The majority of top-scoring genes for SC (75%) were randomly distributed along the genome (Fig. 2B), while 10 genes were found to be contiguous and contained within the groESL operon (clustering was statistically significant with p-value ≈ 1.52 × 10−06, Fig. S9). Notably, this operon, encoding the GroEL chaperone and GroES co-chaperone proteins (Table 2), has been reported in other studies to ascertain phylogeny and classification within the Streptococcus genus[29] and between species of the S. viridans and S. mutans Streptococci groups[30, 31]. A number of other top scoring genes in predicting SC have also previously been demonstrated to be powerful discriminators of genealogy in a range of bacterial species.
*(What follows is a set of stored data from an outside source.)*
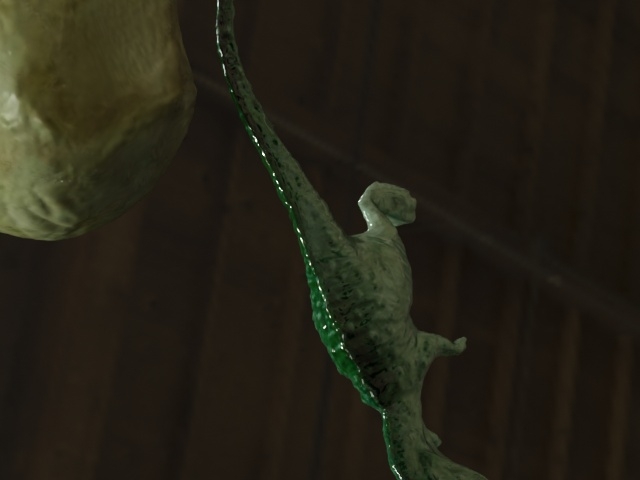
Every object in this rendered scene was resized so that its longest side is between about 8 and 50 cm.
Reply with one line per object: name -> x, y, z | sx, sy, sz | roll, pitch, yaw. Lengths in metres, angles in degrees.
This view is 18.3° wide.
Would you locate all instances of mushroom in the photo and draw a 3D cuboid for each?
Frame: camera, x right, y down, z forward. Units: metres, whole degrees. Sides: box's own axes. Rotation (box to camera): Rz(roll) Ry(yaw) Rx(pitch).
mushroom -> -0.188, -0.105, 1.397 | 0.164, 0.267, 0.189 | 42, -153, 17

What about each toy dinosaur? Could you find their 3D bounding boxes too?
toy dinosaur -> 0.017, -0.005, 1.172 | 0.383, 0.076, 0.129 | 62, -161, 8
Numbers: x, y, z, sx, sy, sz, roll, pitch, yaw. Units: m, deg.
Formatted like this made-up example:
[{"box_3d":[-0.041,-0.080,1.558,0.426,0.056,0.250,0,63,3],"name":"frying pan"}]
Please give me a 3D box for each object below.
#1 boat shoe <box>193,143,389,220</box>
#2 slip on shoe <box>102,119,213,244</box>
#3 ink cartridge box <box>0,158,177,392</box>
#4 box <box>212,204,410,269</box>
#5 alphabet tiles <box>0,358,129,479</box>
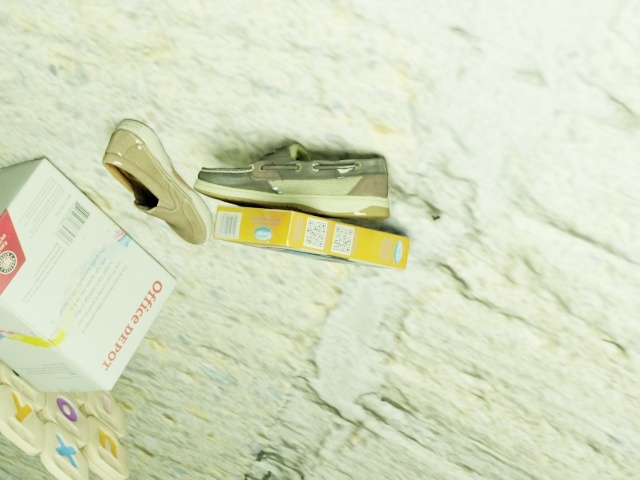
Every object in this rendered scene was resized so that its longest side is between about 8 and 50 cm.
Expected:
[{"box_3d":[-0.019,-0.044,1.022,0.152,0.049,0.056,8,177,23],"name":"boat shoe"},{"box_3d":[-0.130,-0.036,1.145,0.051,0.041,0.135,11,146,31],"name":"slip on shoe"},{"box_3d":[-0.246,0.036,1.278,0.127,0.128,0.176,-9,133,50],"name":"ink cartridge box"},{"box_3d":[0.000,0.000,1.032,0.136,0.028,0.081,15,173,-43],"name":"box"},{"box_3d":[-0.287,0.116,1.364,0.284,0.021,0.278,45,-168,-27],"name":"alphabet tiles"}]
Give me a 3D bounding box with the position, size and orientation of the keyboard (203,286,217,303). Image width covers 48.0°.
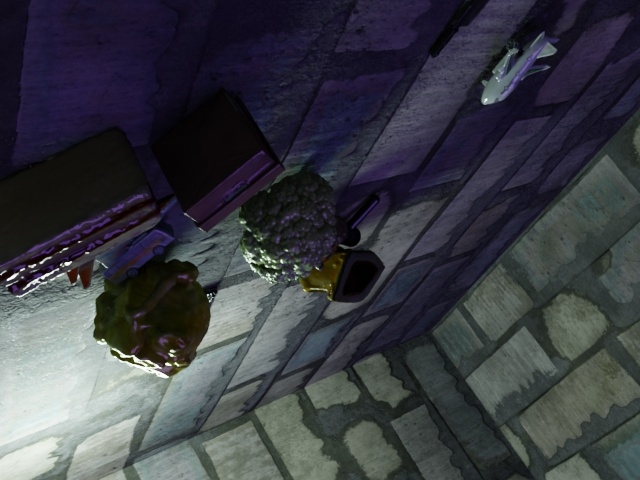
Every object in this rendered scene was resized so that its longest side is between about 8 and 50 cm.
[{"bbox_3d":[-0.388,0.223,2.229,0.072,0.023,0.231,-10,148,-41],"label":"keyboard"}]

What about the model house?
[{"bbox_3d":[0.044,0.102,2.336,0.268,0.239,0.173,9,89,-52],"label":"model house"}]

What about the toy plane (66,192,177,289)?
[{"bbox_3d":[-0.442,-0.022,1.554,0.326,0.104,0.223,-39,159,1],"label":"toy plane"}]

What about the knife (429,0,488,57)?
[{"bbox_3d":[0.349,-0.527,1.702,0.072,0.019,0.245,-17,158,-46],"label":"knife"}]

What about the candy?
[{"bbox_3d":[-0.471,-0.055,1.343,0.320,0.179,0.135,-29,156,-14],"label":"candy"}]

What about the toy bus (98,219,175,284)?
[{"bbox_3d":[-0.436,0.022,1.697,0.190,0.064,0.075,-39,134,11],"label":"toy bus"}]

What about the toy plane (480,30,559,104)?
[{"bbox_3d":[0.533,-0.478,1.977,0.255,0.101,0.251,-43,157,30],"label":"toy plane"}]

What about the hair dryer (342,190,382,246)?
[{"bbox_3d":[0.125,-0.074,2.297,0.219,0.071,0.124,-49,157,13],"label":"hair dryer"}]

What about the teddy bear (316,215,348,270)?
[{"bbox_3d":[0.000,0.000,2.179,0.190,0.140,0.177,-45,154,4],"label":"teddy bear"}]

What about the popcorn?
[{"bbox_3d":[-0.421,0.189,1.792,0.312,0.312,0.312,-29,157,-13],"label":"popcorn"}]

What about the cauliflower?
[{"bbox_3d":[-0.085,-0.033,1.893,0.275,0.272,0.250,-16,-174,-8],"label":"cauliflower"}]

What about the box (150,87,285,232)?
[{"bbox_3d":[-0.212,-0.164,1.437,0.215,0.215,0.086,-37,147,8],"label":"box"}]
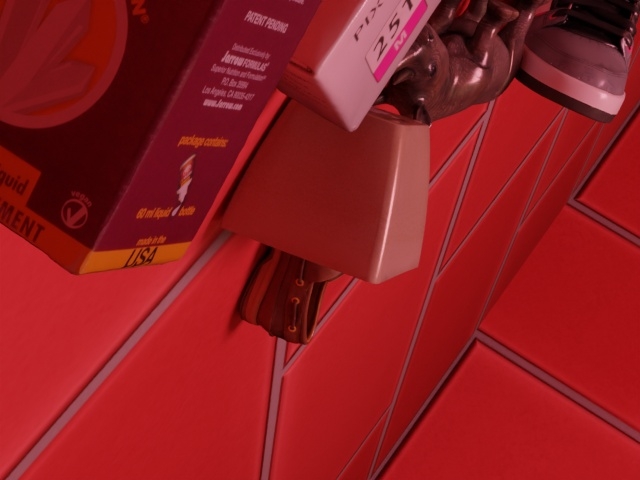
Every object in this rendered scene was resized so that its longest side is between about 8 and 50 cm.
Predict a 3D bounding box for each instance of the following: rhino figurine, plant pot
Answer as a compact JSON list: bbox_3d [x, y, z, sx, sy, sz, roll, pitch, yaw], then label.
[{"bbox_3d":[0.096,-0.135,0.953,0.243,0.073,0.106,-32,149,-60],"label":"rhino figurine"},{"bbox_3d":[0.015,-0.040,0.829,0.109,0.109,0.096,-17,125,-70],"label":"plant pot"}]

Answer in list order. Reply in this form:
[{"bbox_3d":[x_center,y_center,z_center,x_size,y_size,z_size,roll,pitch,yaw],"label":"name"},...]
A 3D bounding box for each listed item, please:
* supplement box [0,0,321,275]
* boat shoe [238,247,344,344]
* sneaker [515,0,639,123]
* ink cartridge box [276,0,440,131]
[{"bbox_3d":[-0.058,-0.095,0.421,0.188,0.104,0.081,-61,166,12],"label":"supplement box"},{"bbox_3d":[0.000,0.000,0.942,0.064,0.060,0.178,-36,155,-57],"label":"boat shoe"},{"bbox_3d":[0.245,-0.221,1.103,0.295,0.124,0.178,-77,-168,-64],"label":"sneaker"},{"bbox_3d":[0.050,-0.207,0.658,0.275,0.060,0.239,-57,168,-1],"label":"ink cartridge box"}]
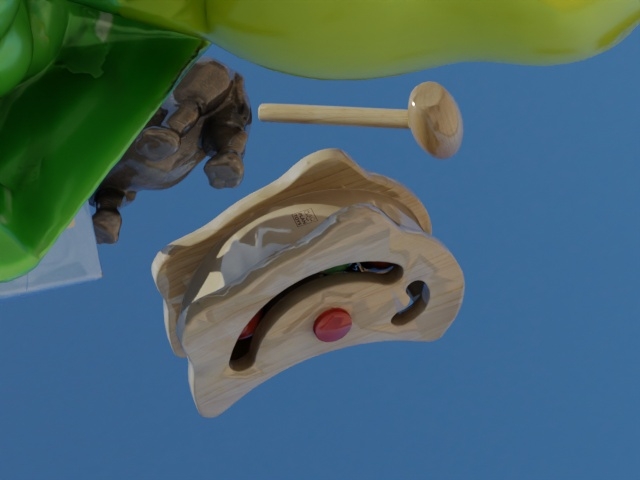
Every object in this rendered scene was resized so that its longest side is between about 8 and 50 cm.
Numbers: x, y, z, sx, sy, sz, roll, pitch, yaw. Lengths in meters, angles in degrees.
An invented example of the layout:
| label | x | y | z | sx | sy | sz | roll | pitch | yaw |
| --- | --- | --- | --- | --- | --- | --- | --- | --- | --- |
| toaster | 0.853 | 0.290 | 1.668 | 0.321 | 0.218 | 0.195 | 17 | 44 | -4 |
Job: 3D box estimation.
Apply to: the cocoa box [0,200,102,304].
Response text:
| label | x | y | z | sx | sy | sz | roll | pitch | yaw |
| --- | --- | --- | --- | --- | --- | --- | --- | --- | --- |
| cocoa box | -0.342 | -0.045 | 1.154 | 0.347 | 0.228 | 0.231 | -12 | -90 | -45 |

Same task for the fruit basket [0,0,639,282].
| label | x | y | z | sx | sy | sz | roll | pitch | yaw |
| --- | --- | --- | --- | --- | --- | --- | --- | --- | --- |
| fruit basket | -0.056 | -0.169 | 0.661 | 0.392 | 0.392 | 0.283 | -51 | -55 | -35 |

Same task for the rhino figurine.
| label | x | y | z | sx | sy | sz | roll | pitch | yaw |
| --- | --- | --- | --- | --- | --- | --- | --- | --- | --- |
| rhino figurine | -0.145 | -0.051 | 1.307 | 0.073 | 0.243 | 0.106 | 52 | -147 | -28 |

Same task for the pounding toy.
| label | x | y | z | sx | sy | sz | roll | pitch | yaw |
| --- | --- | --- | --- | --- | --- | --- | --- | --- | --- |
| pounding toy | 0.000 | 0.000 | 1.425 | 0.154 | 0.269 | 0.155 | 54 | -174 | -45 |
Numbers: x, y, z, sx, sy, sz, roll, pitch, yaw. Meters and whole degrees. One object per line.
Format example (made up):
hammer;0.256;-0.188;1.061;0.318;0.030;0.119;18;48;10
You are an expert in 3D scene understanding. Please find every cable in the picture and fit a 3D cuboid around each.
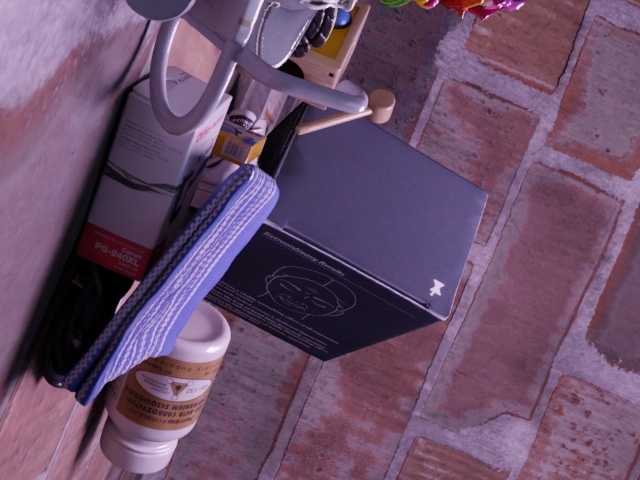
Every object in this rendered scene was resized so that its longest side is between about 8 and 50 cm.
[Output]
cable;-0.199;0.057;0.882;0.184;0.047;0.151;-70;-176;-71

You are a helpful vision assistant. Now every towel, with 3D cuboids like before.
towel;-0.122;0.034;0.917;0.243;0.040;0.336;-52;180;1

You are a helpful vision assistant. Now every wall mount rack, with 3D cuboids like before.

For instance, sodA, encoding for the manganese superoxide dismutase, critical against oxidative stress and linked to both survival and virulence, has been highlighted in numerous studies for its relevance in identification of rare clones of pneumococci[32, 33] and streptococci at the species level[34, 35]. Another example is the lmb gene, encoding for an extracellular protein with a key role in physiology and pathogenicity[36, 37]. Homologs of this protein have been documented to be present and discriminatory of at least 25 groups of the Streptococcus genus with possible similar functions[38, 39]. The housekeeping genes included in multilocus sequence typing (MLST) classification performed no better than average in predicting SC across the sensitivity experiments (Figs 1 and S1–3). The exception was the Signal Peptidase I gene (spi), which featured in the top-scoring genes predicting SC under the strict 1% cutoff (Table 2). This is unsurprising, however, as MLST genes are unlikely to dictate lineage differentiation through selective processes, which endorses their choice as good discriminators of recent neutral diversification, in particular within recent epidemiological events[5, 6].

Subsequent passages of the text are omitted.